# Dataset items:
____

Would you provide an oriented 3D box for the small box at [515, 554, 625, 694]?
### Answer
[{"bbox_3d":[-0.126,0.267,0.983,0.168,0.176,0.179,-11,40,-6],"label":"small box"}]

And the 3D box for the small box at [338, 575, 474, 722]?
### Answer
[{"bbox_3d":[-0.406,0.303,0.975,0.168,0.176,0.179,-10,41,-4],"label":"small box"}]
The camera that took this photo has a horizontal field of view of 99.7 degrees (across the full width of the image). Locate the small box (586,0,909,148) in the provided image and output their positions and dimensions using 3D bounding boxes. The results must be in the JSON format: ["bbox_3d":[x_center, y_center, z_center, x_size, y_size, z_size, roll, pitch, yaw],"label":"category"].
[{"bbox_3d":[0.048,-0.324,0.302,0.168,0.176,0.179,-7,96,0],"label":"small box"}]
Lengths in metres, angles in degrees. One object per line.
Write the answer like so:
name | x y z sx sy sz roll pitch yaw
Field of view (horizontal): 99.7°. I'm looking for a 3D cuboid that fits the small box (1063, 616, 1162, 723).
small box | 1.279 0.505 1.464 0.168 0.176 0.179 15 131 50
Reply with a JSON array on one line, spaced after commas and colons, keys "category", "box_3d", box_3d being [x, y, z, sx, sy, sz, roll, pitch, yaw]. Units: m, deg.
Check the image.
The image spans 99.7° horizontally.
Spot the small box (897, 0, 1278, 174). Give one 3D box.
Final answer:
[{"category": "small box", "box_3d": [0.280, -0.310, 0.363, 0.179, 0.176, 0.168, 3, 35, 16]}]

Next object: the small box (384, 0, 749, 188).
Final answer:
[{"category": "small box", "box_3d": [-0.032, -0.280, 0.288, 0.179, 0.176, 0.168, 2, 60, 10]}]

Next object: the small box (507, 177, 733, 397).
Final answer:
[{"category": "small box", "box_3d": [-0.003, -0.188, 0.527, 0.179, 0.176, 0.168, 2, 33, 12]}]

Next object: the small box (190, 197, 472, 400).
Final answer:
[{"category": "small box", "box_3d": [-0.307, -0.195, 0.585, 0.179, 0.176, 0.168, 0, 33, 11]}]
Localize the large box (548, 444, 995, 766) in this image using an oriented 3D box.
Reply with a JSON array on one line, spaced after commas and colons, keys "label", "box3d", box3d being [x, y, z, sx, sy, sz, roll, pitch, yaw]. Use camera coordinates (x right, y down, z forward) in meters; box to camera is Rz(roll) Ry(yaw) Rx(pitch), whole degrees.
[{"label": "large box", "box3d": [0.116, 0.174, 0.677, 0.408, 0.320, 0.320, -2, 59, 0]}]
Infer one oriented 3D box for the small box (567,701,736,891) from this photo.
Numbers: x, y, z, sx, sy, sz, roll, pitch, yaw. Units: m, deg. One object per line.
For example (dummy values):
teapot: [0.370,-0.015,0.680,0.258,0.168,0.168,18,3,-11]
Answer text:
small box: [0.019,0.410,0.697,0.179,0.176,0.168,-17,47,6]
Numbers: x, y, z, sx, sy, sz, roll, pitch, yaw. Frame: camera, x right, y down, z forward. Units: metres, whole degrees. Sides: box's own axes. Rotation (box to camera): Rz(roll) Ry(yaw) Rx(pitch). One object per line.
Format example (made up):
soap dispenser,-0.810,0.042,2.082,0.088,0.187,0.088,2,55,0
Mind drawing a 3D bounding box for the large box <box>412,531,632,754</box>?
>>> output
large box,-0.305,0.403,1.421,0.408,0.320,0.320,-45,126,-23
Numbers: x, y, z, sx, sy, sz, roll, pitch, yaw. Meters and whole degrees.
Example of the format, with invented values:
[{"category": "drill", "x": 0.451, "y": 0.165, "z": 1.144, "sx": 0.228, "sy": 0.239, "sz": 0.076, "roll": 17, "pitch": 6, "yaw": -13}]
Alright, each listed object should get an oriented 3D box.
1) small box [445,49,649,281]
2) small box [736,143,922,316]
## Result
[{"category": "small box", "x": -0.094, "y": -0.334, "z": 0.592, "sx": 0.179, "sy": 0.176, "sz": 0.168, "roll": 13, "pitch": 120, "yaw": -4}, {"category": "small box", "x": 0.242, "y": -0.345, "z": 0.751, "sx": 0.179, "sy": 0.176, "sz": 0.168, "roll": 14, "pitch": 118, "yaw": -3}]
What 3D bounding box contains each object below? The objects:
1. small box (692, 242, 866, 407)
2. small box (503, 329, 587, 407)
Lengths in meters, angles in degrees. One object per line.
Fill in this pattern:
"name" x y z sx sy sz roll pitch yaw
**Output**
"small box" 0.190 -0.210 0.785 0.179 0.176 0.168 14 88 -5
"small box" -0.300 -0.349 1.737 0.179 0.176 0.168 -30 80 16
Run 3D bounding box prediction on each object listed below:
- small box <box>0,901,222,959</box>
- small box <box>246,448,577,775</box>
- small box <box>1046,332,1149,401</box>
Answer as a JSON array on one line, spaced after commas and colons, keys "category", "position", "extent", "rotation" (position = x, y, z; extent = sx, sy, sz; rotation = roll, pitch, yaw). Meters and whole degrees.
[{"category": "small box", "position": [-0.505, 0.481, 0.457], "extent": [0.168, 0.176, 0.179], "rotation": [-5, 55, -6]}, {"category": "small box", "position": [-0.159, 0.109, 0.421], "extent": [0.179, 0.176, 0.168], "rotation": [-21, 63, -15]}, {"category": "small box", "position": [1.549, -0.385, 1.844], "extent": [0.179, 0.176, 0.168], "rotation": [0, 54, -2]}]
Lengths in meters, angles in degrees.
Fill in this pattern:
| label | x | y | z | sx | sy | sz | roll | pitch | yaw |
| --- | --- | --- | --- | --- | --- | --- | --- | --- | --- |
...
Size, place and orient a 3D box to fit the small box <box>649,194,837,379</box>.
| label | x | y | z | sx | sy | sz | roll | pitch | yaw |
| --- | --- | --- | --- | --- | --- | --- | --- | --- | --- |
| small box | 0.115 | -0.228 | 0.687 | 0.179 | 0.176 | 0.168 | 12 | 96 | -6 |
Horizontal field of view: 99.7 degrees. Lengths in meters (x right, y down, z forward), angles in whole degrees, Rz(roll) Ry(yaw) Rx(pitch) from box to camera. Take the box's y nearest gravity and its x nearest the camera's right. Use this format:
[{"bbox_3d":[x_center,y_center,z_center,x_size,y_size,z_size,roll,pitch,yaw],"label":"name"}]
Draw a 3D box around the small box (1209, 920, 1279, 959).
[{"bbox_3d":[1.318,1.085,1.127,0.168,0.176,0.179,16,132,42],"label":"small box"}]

____

# Problem to solve:
Throughout the data above, report every line that contains the string "from".

# Reply to the exercise:
Infer one oriented 3D box for the small box (567,701,736,891) from this photo.
Horizontal field of view: 99.7 degrees. Lengths in meters (x right, y down, z forward), angles in whole degrees, Rz(roll) Ry(yaw) Rx(pitch) from box to camera. Take the box's y nearest gravity and its x nearest the camera's right. Use this format:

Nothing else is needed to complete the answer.